#### Dataset content
-.-.-

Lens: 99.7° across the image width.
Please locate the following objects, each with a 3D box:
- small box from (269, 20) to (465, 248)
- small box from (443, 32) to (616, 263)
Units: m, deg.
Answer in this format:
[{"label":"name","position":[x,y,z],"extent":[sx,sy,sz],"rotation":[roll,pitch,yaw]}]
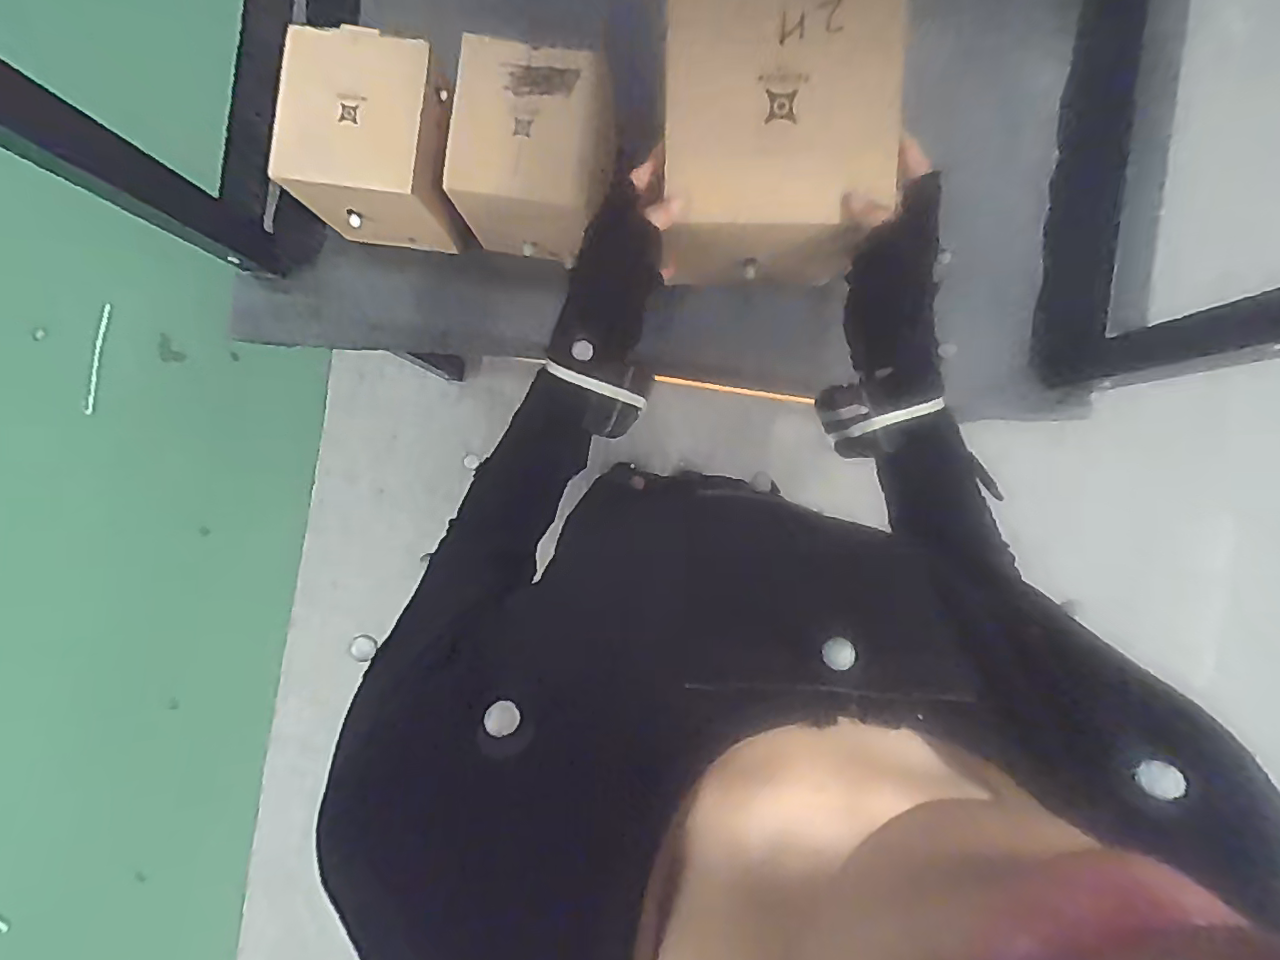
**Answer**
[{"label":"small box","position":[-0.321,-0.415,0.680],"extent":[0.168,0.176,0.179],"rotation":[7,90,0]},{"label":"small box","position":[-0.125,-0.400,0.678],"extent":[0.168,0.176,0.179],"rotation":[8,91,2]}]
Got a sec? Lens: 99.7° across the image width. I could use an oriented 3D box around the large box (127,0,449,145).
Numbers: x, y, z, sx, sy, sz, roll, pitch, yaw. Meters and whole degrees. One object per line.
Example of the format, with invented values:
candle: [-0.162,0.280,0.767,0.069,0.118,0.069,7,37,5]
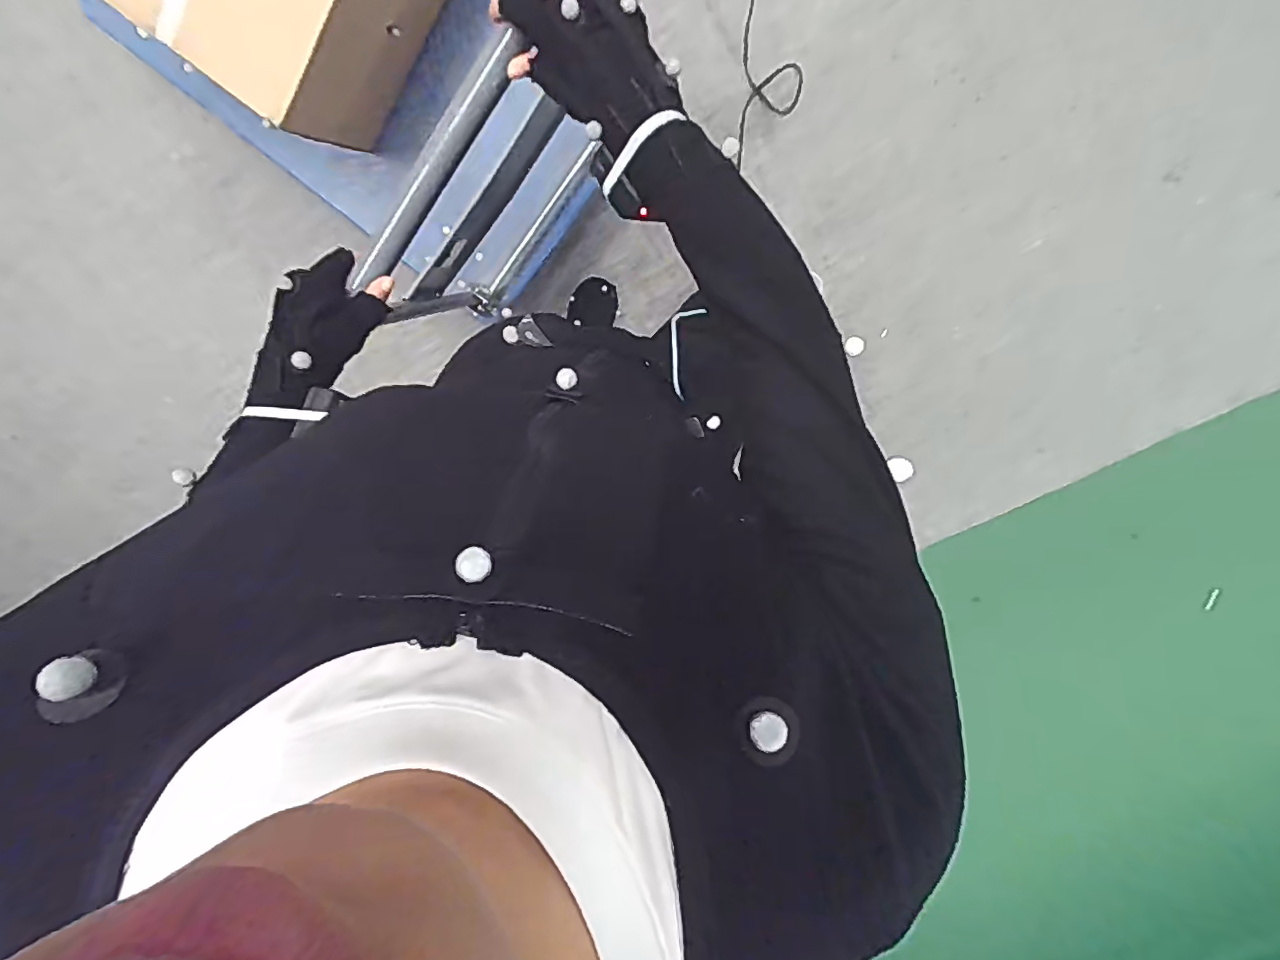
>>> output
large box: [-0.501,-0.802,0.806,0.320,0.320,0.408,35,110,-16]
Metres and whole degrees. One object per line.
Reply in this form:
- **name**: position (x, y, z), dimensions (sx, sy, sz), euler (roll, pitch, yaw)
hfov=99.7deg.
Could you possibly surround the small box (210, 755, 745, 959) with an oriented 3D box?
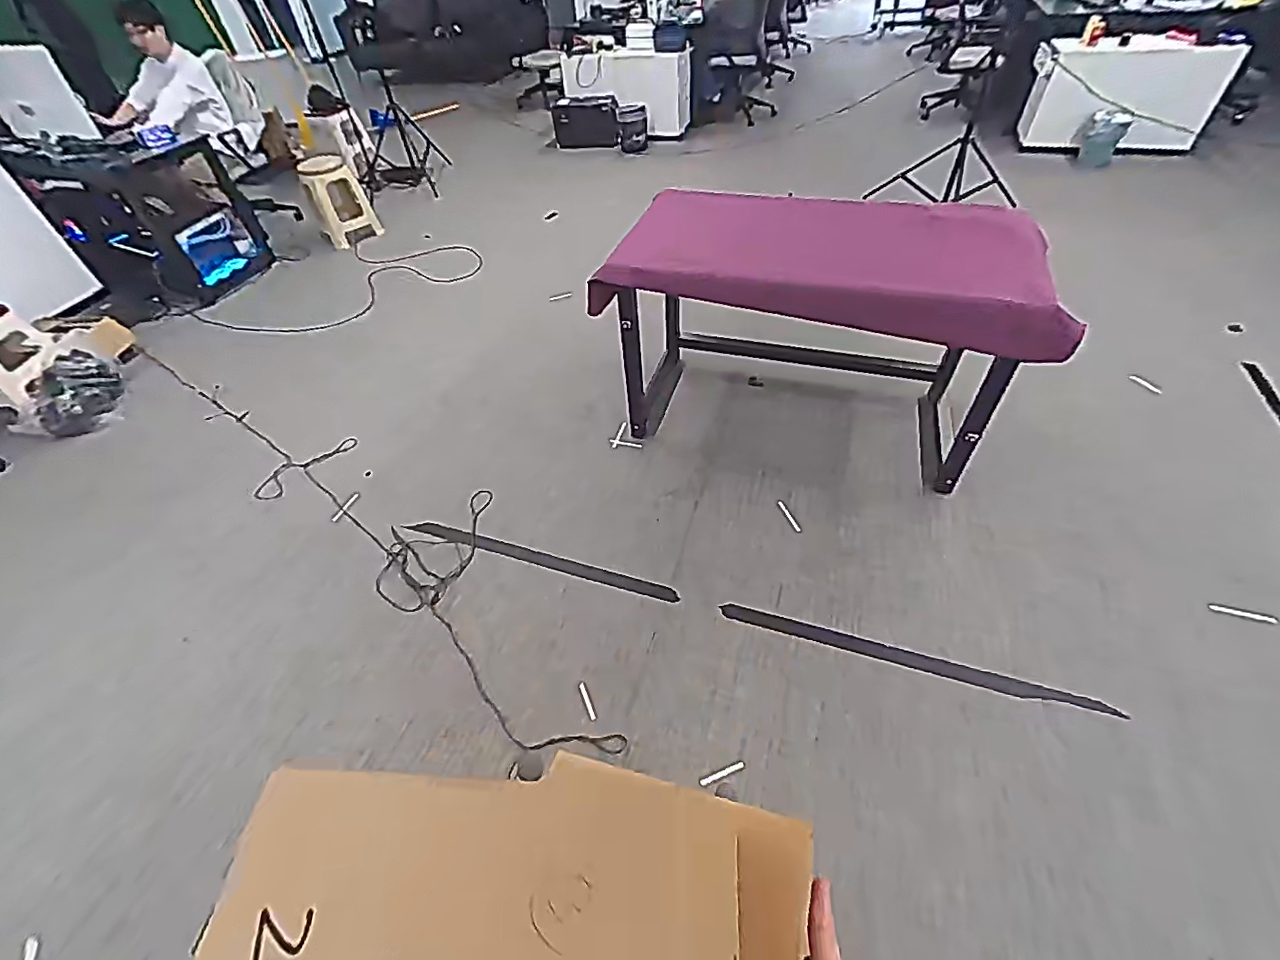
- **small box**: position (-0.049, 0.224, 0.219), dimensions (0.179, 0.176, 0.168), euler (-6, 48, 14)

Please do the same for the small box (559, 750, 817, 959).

-.-.-

#### Work item
Search the listing above for the string "degrees" and copy each line that has it.

#### Answer space
Numbers: x, y, z, sx, sy, sz, roll, pitch, yaw. Meters and whole degrees. One object per line.
Metres and whole degrees. One object per line.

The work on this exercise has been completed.